Итак, Иосиф и его родители, попали в водоворот быстротечной нью-йоркской жизни. Они изо всех сил барахтались в этой жизни, чтобы не утонуть, чтобы выжить, но не только. Главной задачей было подняться и твердо встать на ноги. С одной стороны, жесткие условия были не такими уж смертельно-тяжелыми, но с другой стороны, все было не просто, ибо конкуренция была бешенной. Жесткость условий, как это не парадоксально, создаются широкими возможностями, которые наличествуют в американской социальной системе. Наличие реальных стартовых возможностей, поощряет и создает острую конкуренцию между желающими воспользоваться этими возможностями. А конкуренция уже создает весь дальнейший фон американской жизни. Величие американской системы в том, что она на законодательном уровне поддерживает реальные стартовые возможности, что в конечном счете и позволяет наиболее достойным справедливо достичь успеха в жизни. Движущим механизмом в этой социальной системе, как и в экономической, является его величество Конкуренция. Великий соблазн реального достижения материальных благ средним американцем толкает миллионы людей в этот непрерывный жизненный конвейер, который может привести к заветной цели.

Марику было сорок три года. Это самый «неудобный» возраст для эмиграции, уже не молодой и еще не старый. Главной проблемой для русскоязычной эмиграции среднего возраста была языковая.

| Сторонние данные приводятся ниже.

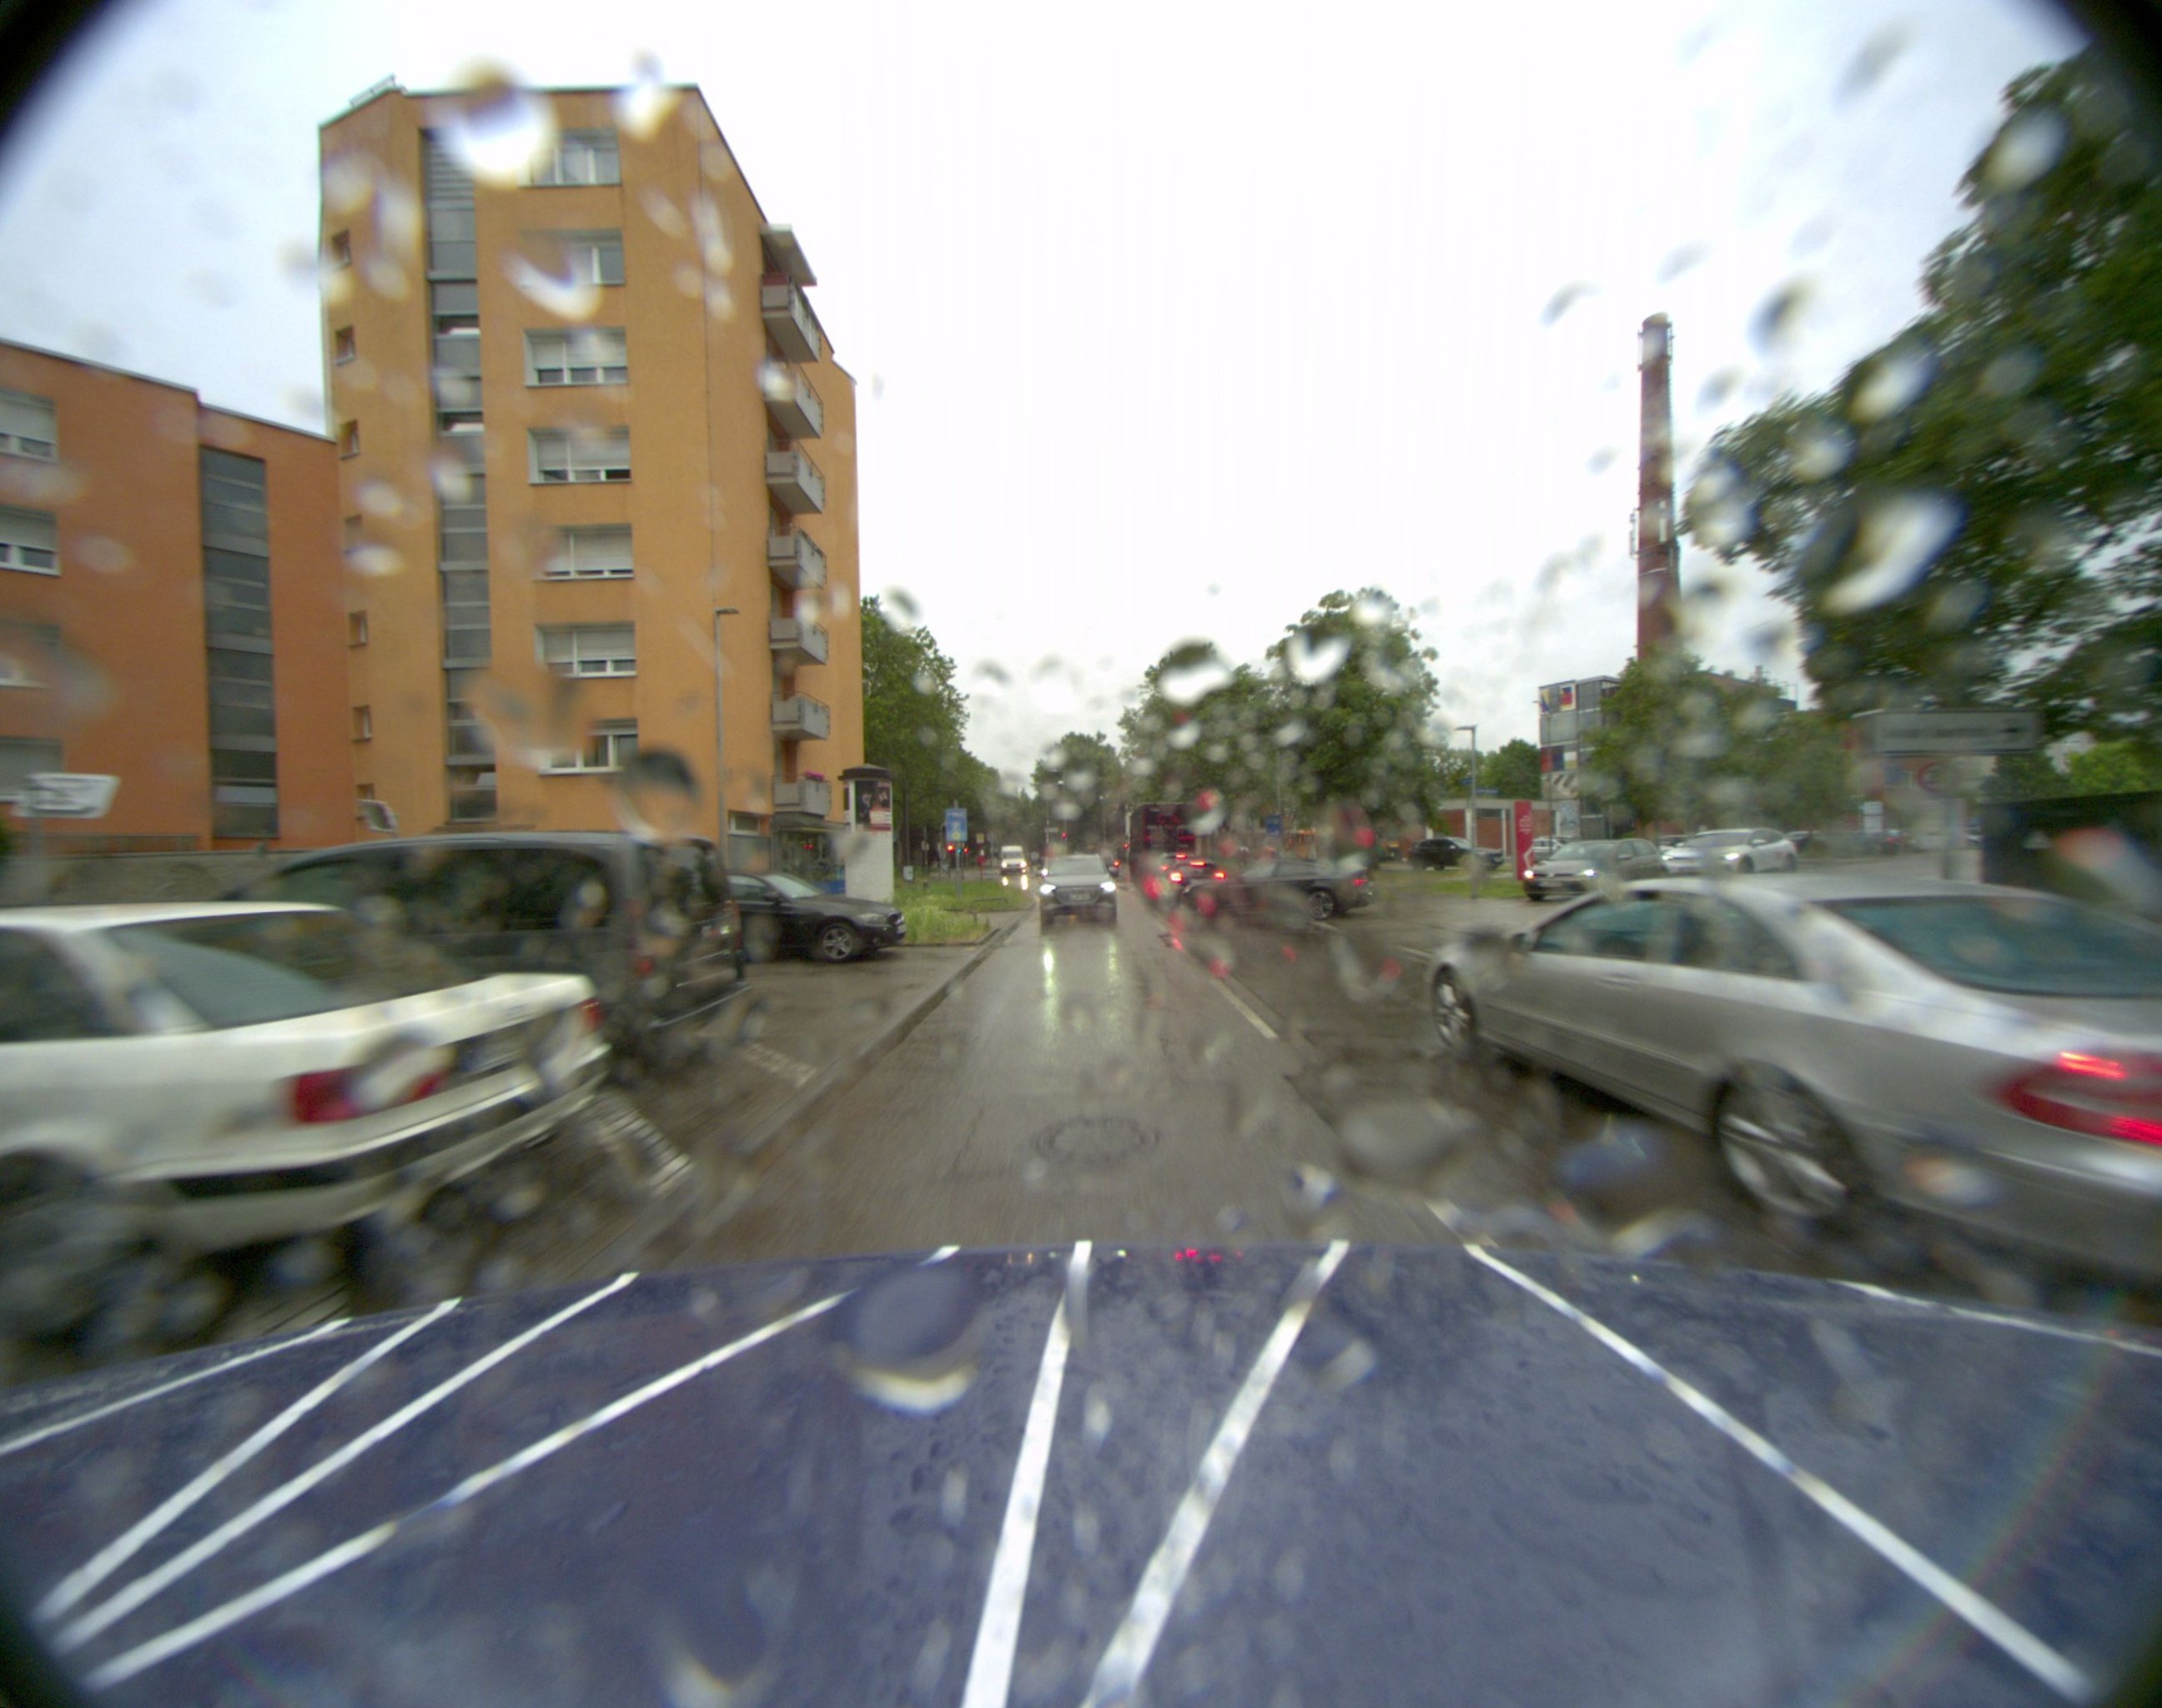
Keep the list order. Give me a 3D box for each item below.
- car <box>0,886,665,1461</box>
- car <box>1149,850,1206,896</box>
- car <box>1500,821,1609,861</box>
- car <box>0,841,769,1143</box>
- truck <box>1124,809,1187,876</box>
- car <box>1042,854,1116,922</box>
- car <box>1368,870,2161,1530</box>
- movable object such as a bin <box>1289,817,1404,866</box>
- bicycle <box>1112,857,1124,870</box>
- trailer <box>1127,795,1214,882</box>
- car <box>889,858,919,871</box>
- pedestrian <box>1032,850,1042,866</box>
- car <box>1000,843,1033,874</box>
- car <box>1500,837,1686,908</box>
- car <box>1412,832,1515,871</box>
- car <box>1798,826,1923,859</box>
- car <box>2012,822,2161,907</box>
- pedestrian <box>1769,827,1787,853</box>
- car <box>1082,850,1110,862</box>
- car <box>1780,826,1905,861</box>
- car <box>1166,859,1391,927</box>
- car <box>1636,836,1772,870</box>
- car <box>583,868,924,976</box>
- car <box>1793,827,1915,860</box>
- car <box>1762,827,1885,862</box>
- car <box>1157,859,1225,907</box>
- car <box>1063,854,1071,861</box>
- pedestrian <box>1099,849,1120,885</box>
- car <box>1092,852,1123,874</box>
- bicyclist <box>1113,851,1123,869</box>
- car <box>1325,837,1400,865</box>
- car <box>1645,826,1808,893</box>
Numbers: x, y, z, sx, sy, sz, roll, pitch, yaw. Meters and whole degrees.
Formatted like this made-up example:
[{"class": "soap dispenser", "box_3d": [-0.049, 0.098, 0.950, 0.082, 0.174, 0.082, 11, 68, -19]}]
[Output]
[{"class": "car", "box_3d": [-4.360, 1.008, 3.118, 4.200, 1.559, 1.888, -1, 1, -1]}, {"class": "car", "box_3d": [3.867, 0.703, 31.187, 1.872, 1.610, 4.801, -1, 2, 2]}, {"class": "car", "box_3d": [26.046, -0.682, 41.951, 2.003, 2.002, 4.666, -2, 0, -34]}, {"class": "car", "box_3d": [-4.863, 0.840, 5.675, 4.243, 1.795, 1.944, -1, 1, -3]}, {"class": "truck", "box_3d": [4.834, -0.686, 50.557, 3.459, 4.054, 6.974, -2, 0, 1]}, {"class": "car", "box_3d": [-0.002, 0.829, 20.619, 1.809, 1.611, 4.137, 0, 0, 1]}, {"class": "car", "box_3d": [3.449, 0.887, 4.225, 1.779, 1.395, 4.829, -2, 0, -1]}, {"class": "movable object such as a bin", "box_3d": [17.401, -0.773, 50.210, 6.767, 2.913, 2.777, -2, 0, 11]}, {"class": "bicycle", "box_3d": [3.056, 0.795, 63.377, 0.533, 1.018, 1.872, -1, 0, -12]}, {"class": "trailer", "box_3d": [4.695, -0.713, 43.558, 3.451, 4.025, 15.051, -1, 0, 1]}, {"class": "car", "box_3d": [-23.230, 1.344, 99.944, 3.459, 1.516, 1.842, -2, 0, -3]}, {"class": "pedestrian", "box_3d": [-4.486, 0.404, 77.021, 0.864, 1.572, 0.642, -1, 0, -16]}, {"class": "car", "box_3d": [-5.832, 0.383, 67.810, 2.284, 2.547, 6.505, -2, 0, -10]}, {"class": "car", "box_3d": [12.500, 0.390, 18.512, 4.346, 1.387, 2.008, -3, 1, -30]}, {"class": "car", "box_3d": [18.430, -0.115, 36.791, 2.003, 1.780, 3.991, -1, 0, -31]}, {"class": "car", "box_3d": [46.164, -0.657, 45.127, 2.003, 1.713, 4.891, -2, 0, -34]}, {"class": "car", "box_3d": [20.141, 0.162, 13.494, 1.792, 1.500, 4.290, -1, -1, -29]}, {"class": "pedestrian", "box_3d": [45.802, -0.894, 49.936, 0.781, 1.674, 0.676, -1, 0, -30]}, {"class": "car", "box_3d": [2.557, 0.363, 130.800, 4.668, 1.862, 2.034, -1, 0, 2]}, {"class": "car", "box_3d": [42.187, -0.547, 42.211, 2.003, 1.726, 4.576, -2, 0, -34]}, {"class": "car", "box_3d": [4.792, 0.891, 18.693, 4.915, 1.445, 2.090, -1, 0, 33]}, {"class": "car", "box_3d": [27.080, -0.021, 33.191, 1.626, 1.371, 4.299, -1, 0, -30]}, {"class": "car", "box_3d": [-5.013, 1.014, 12.127, 4.544, 1.462, 1.983, -1, 1, 1]}, {"class": "car", "box_3d": [44.037, -0.581, 43.379, 2.003, 1.726, 4.576, -2, 0, -34]}, {"class": "car", "box_3d": [40.020, -0.485, 41.036, 2.003, 1.726, 4.411, -2, 0, -34]}, {"class": "car", "box_3d": [3.441, 0.861, 24.405, 1.730, 1.353, 4.338, -1, 0, 3]}, {"class": "car", "box_3d": [-3.958, 0.975, 209.490, 1.999, 1.795, 4.349, -2, 0, -2]}, {"class": "pedestrian", "box_3d": [1.502, 0.678, 39.890, 0.870, 1.833, 0.993, -1, 0, 14]}, {"class": "car", "box_3d": [1.755, 0.625, 51.382, 1.703, 1.365, 4.099, -2, 0, -3]}, {"class": "bicyclist", "box_3d": [3.051, 0.473, 63.414, 0.581, 1.452, 1.010, -1, 0, -12]}, {"class": "car", "box_3d": [17.483, -0.143, 47.314, 3.994, 1.591, 2.002, -2, -1, 9]}, {"class": "car", "box_3d": [18.592, 0.120, 21.848, 4.655, 1.697, 2.041, -2, 0, -29]}]

Язык поддавался чертовски медленно, а то и вовсе не поддавался изучению.

Проучившись шесть месяцев на курсах английского языка, в надежде овладеть английским, ни к чему не привели. Получать и сидеть на одном пособии было с одной стороны как-то неудобно, а с другой невыносимо, учитывая массу соблазнов вокруг. Но решать эту дилемму должен был каждый сам и больше никто. В принципе иммиграция не меняла людей, возможно, она просто ломала их. А так, каким ты был на Родине, таким ты оставался в Америке. Эмиграция человека не меняет, она лишь проявляет его потенцию — отрицательную, либо положительную. Поэтому, успех при поиске работы приходит к тому, кто сумеет найти компромисс между своими амбициями и возможностями.

Марик это хорошо понимал в свои сорок три года и поэтому решил пойти работать таксистом, как в прочем и многие советские иммигранты среднего и пожилого возрастов. Первое время это его коробило, главный инженер завода — теперь таксист. Но когда он познакомился со своими коллегами на новой работе, то понял, что это общее положение и ничего здесь не поделаешь. Его сменщиками были — профессор, директор школы, пианист и геолог.

Марик смирился. Но разве можно было привыкнуть к ежедневному чувству унижения, которое испытывает любой иммигрант. Марик понимал, что надо перетерпеть и возможно со временем станет легче и чувство униженности ослабеет, отступит, а возможно и вовсе исчезнет. И он напрягал всю свою волю. Иначе было нельзя. Ведь вокруг него было не мало таких, которые ломались, не выдерживая таких испытаний. В результате, среди русскоязычных иммигрантов было большое количество нервных срывов и разводов. Мужчины часто спивались, женщины их бросали и старались выйти замуж за американцев.

Марик в душе завидовал американцам, этим уверенным в себе, самодостаточным людям, чувствующих себя хозяевами Америки.

И точно, как в мультфильме о гадком утенке, Марику так хотелось приобщиться к ним и стать одним из них. Но огромная языково-социальная пропасть лежала между ними.

Марик все вспоминал изречение одного из древних греков: «Для полного счастья человеку нужно иметь славное Отечество».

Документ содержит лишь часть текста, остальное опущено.